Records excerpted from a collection
=====

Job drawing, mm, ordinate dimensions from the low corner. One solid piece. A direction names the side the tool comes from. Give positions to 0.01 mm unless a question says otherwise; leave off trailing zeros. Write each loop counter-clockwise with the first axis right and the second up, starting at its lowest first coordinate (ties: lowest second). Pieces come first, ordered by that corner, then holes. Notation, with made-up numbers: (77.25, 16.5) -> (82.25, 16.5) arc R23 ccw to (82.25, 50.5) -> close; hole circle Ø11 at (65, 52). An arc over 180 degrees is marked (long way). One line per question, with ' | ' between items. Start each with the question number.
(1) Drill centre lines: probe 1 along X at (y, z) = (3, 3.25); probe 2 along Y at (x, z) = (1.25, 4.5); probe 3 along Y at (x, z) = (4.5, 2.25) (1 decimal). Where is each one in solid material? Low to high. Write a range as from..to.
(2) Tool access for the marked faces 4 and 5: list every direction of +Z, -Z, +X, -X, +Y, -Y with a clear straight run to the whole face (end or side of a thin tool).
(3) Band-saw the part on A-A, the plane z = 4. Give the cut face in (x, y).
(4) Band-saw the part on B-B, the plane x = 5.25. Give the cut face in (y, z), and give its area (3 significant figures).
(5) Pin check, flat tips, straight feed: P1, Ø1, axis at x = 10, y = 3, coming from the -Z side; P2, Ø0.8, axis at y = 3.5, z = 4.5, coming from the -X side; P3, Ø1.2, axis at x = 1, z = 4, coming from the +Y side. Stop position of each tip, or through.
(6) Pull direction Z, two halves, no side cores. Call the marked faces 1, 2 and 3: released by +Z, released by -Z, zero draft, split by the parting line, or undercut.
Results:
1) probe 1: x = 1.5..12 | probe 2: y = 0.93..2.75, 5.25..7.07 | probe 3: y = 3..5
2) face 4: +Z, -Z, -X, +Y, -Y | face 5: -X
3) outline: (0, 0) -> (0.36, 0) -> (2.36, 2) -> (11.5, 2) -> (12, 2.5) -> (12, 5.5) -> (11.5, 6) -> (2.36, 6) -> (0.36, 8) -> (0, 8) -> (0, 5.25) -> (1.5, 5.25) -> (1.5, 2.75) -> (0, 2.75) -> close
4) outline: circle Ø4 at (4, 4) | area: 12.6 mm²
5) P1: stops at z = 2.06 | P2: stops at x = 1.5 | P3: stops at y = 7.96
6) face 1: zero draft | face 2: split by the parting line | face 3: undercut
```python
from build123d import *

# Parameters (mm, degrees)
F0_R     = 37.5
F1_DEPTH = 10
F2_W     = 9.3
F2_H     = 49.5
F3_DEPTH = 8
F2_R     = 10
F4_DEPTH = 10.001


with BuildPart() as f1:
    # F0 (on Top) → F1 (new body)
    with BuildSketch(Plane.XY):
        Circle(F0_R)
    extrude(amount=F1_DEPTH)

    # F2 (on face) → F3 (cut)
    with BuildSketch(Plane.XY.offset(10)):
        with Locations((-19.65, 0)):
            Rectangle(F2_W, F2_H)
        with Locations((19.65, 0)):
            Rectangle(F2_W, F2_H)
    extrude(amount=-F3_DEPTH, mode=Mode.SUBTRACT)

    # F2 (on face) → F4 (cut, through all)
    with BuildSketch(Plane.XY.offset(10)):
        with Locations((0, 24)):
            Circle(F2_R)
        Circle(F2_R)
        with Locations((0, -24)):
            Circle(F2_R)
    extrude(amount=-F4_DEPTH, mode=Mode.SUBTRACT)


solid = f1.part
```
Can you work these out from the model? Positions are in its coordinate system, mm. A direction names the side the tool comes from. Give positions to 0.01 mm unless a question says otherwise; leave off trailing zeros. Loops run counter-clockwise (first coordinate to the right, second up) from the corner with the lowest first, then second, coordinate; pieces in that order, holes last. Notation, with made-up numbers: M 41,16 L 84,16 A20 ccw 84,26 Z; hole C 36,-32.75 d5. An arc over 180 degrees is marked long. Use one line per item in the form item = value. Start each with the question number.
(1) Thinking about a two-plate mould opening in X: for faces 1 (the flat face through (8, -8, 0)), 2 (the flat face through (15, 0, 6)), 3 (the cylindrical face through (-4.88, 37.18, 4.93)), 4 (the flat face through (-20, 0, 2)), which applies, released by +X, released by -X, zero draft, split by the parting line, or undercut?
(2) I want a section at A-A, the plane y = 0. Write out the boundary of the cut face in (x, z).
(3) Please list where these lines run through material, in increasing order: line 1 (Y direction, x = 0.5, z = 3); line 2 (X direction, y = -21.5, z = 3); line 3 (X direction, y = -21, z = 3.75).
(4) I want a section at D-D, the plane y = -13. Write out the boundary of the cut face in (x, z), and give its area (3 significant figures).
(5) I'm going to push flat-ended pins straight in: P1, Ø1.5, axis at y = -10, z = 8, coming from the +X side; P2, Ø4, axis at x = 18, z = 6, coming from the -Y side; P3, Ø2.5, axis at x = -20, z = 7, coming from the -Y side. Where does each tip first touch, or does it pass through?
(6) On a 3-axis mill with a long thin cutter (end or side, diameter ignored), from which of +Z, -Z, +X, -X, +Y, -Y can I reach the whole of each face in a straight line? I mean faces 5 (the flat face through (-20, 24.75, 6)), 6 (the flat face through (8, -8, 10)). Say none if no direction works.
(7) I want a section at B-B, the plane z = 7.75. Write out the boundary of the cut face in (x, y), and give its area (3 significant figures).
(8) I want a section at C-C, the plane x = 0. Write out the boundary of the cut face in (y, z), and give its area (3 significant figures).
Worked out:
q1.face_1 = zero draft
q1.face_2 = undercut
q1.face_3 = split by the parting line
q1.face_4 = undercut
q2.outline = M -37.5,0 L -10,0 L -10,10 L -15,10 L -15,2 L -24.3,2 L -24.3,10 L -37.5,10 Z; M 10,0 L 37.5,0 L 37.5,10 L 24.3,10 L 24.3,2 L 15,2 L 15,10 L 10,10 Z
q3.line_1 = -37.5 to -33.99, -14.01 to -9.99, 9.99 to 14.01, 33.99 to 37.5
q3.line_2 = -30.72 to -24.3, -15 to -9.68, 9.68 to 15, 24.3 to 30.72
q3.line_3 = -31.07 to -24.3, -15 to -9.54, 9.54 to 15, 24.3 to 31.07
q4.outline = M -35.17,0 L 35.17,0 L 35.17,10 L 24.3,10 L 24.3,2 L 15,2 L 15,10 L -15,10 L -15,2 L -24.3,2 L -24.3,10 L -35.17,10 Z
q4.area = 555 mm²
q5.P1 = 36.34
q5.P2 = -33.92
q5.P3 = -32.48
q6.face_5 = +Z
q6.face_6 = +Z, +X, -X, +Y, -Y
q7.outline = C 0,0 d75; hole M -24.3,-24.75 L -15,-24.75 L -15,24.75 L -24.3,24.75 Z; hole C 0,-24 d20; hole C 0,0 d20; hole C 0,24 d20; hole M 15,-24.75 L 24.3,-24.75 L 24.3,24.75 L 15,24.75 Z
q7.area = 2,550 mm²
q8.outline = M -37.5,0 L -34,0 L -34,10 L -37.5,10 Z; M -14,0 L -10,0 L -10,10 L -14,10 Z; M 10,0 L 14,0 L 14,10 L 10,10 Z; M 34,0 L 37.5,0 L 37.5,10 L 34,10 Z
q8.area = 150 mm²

=====

WHAT IS BEING ASKED =>
Reproduce only the lines above, starting at the line with "q4.area = 555 mm²" and ending at the line with "q7.area = 2,550 mm²", exactly as written.

RESULT OF THE EXERCISE =>
q4.area = 555 mm²
q5.P1 = 36.34
q5.P2 = -33.92
q5.P3 = -32.48
q6.face_5 = +Z
q6.face_6 = +Z, +X, -X, +Y, -Y
q7.outline = C 0,0 d75; hole M -24.3,-24.75 L -15,-24.75 L -15,24.75 L -24.3,24.75 Z; hole C 0,-24 d20; hole C 0,0 d20; hole C 0,24 d20; hole M 15,-24.75 L 24.3,-24.75 L 24.3,24.75 L 15,24.75 Z
q7.area = 2,550 mm²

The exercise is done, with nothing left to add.